The magazine that I'd like to see
17 Nov 2007My super belated chime in on the whole death of the SF magazine market thing.
I think that Paolo’s and Erin’s comments are particularly interesting because they actually propose some forward movement in the market. The short SF market has shrunk so much that there’s almost nothing going on there, in terms of market diversity. I like some of the stories in the current magazines, but the return on investment is somewhat low: I don’t really like enough of them to keep buying them, although I continue to do so (at cover price) out of some sense of dogged loyalty to a kind of fiction that I love, at least for F&SF and Asimov’s. At the same time, none of the editors of the big three really speak to me, taste-wise, and their focuses aren’t my own. What I’d like to see are more magazines out there, with differing focuses and representing a wider variety of editorial tastes. For one thing, I’d like to see more ideas out there, more people thinking of various concepts for magazines, so that someone might actually get excited enough to take the plunge (or one of the existing magazines might get interested enough to launch a spin off).

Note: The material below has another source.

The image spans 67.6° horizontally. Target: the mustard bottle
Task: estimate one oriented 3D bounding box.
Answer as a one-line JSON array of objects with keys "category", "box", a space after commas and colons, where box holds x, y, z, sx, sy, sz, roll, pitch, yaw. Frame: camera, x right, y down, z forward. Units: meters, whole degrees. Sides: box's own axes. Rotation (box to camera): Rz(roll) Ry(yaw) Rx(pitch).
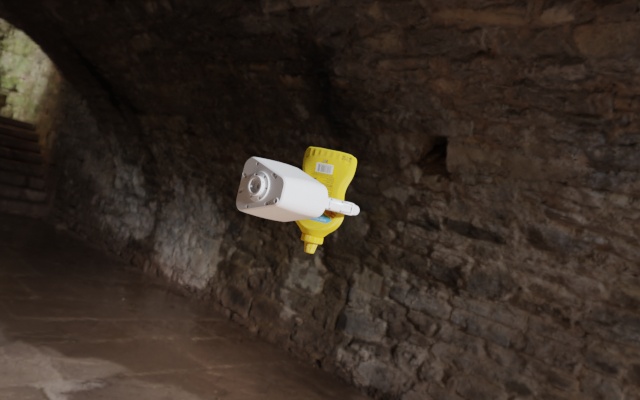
[{"category": "mustard bottle", "box": [0.000, 0.003, 0.880, 0.096, 0.191, 0.058, 13, 0, 16]}]

So in that spirit, I present Energy States.
ES would be a mid-length monthly focusing entirely on overlapped serial short novels. The target length would be 30-50k words, too long to get published in most magazines, and too short to land a novel deal these days. The magazine would run these in 10-15kw chunks, aiming to put each novel in 3-5 issues. After each month, the first section of every story would be put online as a teaser for the rest of the story, and the entire story could be purchased stand-alone online for two dollars, once its print run was completed. Note that buying the story gives you access to previously purchased installments if the whole thing is not out yet, so the customer could catch up on a story that they’re particularly interested in without buying back issues. Bundles of popular stories could also be sold, and I imagine that you could make a deal with a PoD house for custom anthologies and chapbooks. Subscriptions, as a bonus, would get you access to all of the content, including back issues, online. For all individually sold items, the author would get a cut.
I’m not sure how well it would work out, honestly. I don’t know that there’s a reader’s market for this kind of thing, or if a starting magazine could possibly pay well enough to convince people to sell good work that they could possibly expand into a more profitable novel. This idea is mostly meant to address what I perceive as a gap in the writer’s market for story sales, allowing authors to get works out there that are currently considered unsalable.